Dynamical Networking of Polymer Networks with Dedicated Cross-linker Particles

TL;DR

This paper develops a theoretical and simulation framework for understanding how dedicated cross-linker particles influence the dynamics of polymer networks, revealing effects on structure and flexibility.

Contribution

It introduces a field-theoretical formalism incorporating cross-linkers explicitly, enabling analysis of their impact on polymer dynamics and structure.

Findings

Cross-linking decreases polymer persistence lengths.

Cross-linking broadens diffusive peaks in structure factors.

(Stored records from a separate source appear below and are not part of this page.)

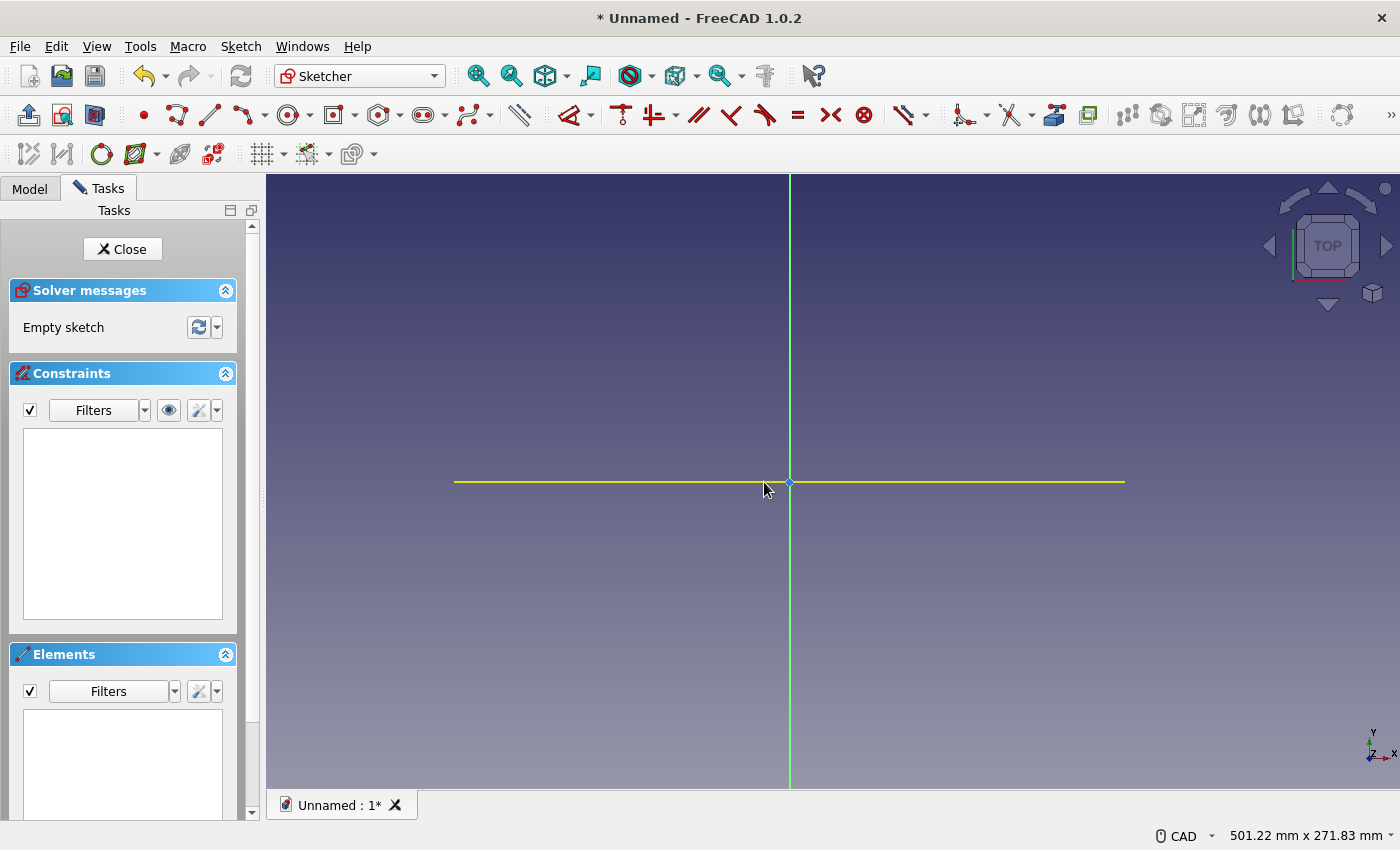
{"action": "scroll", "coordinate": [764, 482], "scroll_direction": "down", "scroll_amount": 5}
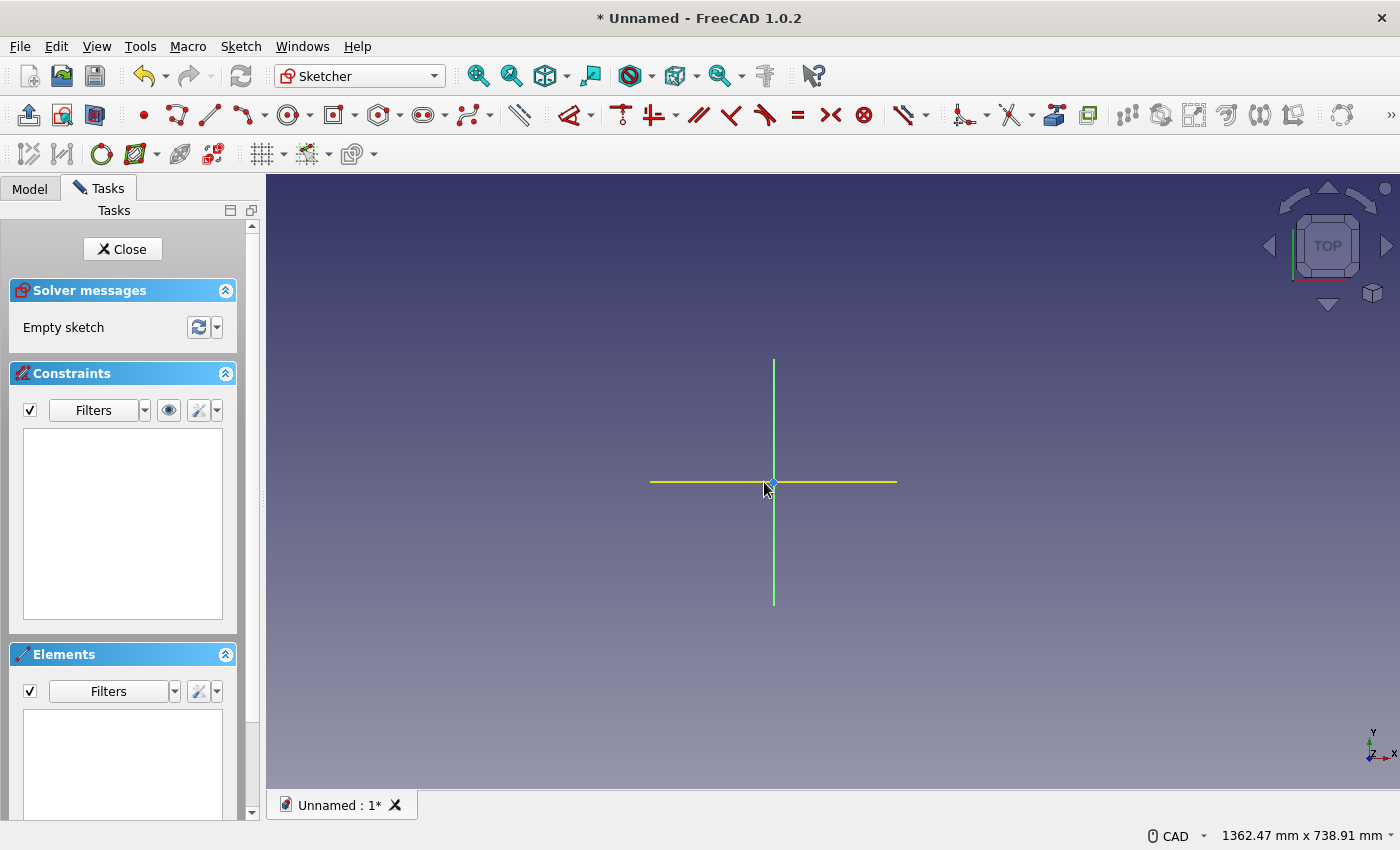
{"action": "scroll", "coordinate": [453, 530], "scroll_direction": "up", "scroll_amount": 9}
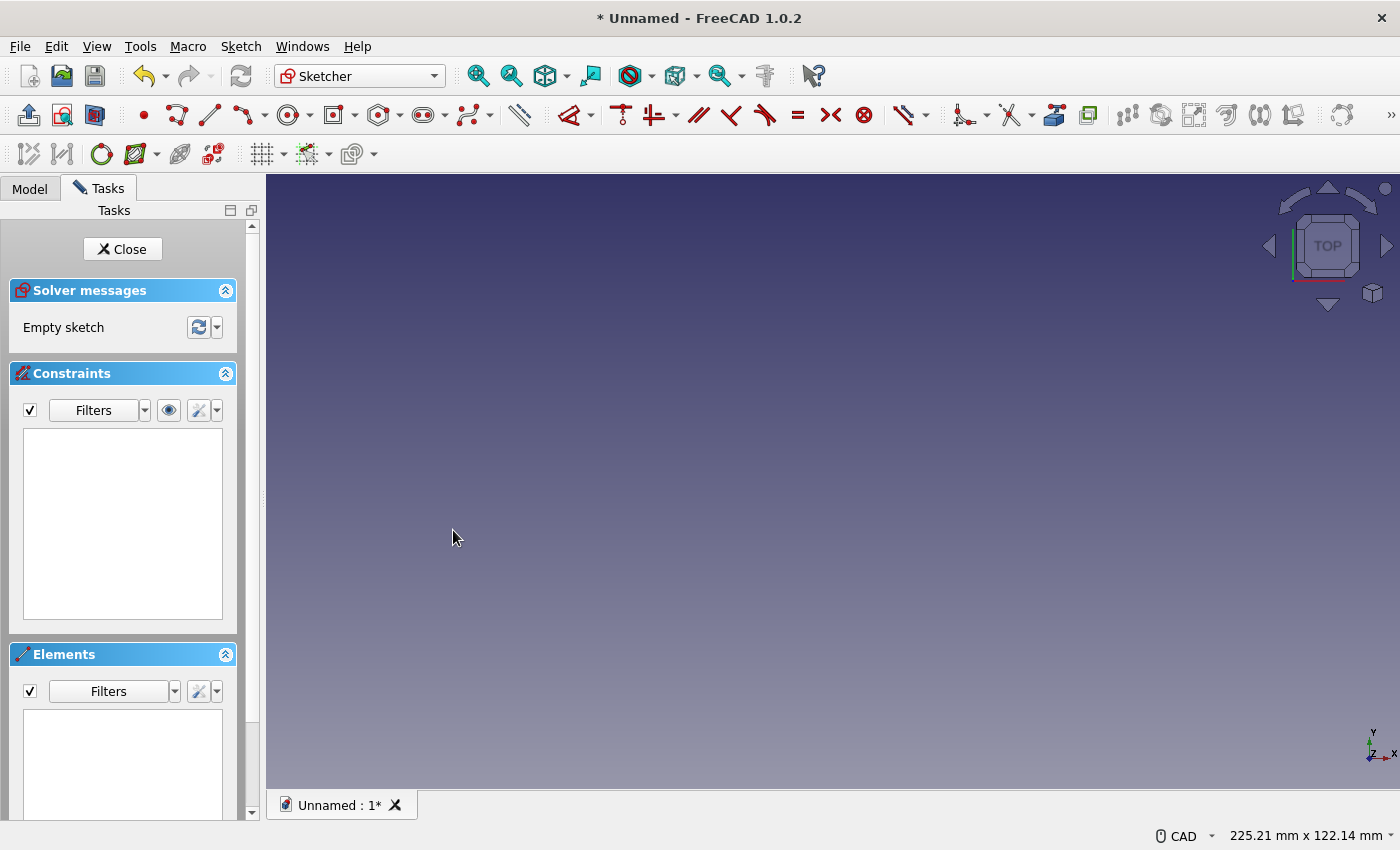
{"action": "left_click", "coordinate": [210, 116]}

Theoretical predictions align with molecular dynamics simulations.

Abstract

This paper extends a field-theoretical dynamical networking formalism for mesoscopic polymer dynamics to explicitly include dedicated cross-linker particles. Cross-linkers are represented within a Martin-Siggia-Rose generating functional and reversibly coupled to polymers through Gaussian networking fields, enabling an approximation scheme that reduces their degrees of freedom while remaining compatible with polymer dynamics. The framework is applied to a two-species polymer system in which intra- and inter-species cross-linking are assigned different statistical advantages. Effective networking potentials are derived and used to calculate correlation functions and dynamic structure factors. To validate these results, molecular dynamics simulations of semi-flexible polymers with reversible intra- and inter-species cross-linking are performed. Simulations show that cross-linking decreases polymer persistence lengths and local alignment, and the resulting trajectories yield dynamic structure factors consistent with theoretical predictions. In both approaches, cross-linking broadens the diffusive peaks and enhances the high-frequency tails of the structure factors. Together, theory and simulation provide complementary insights into the dynamics of cross-linked polymers, establishing a tractable framework that captures essential features observed in experiments and offering a basis for exploring more complex synthetic and biological networks.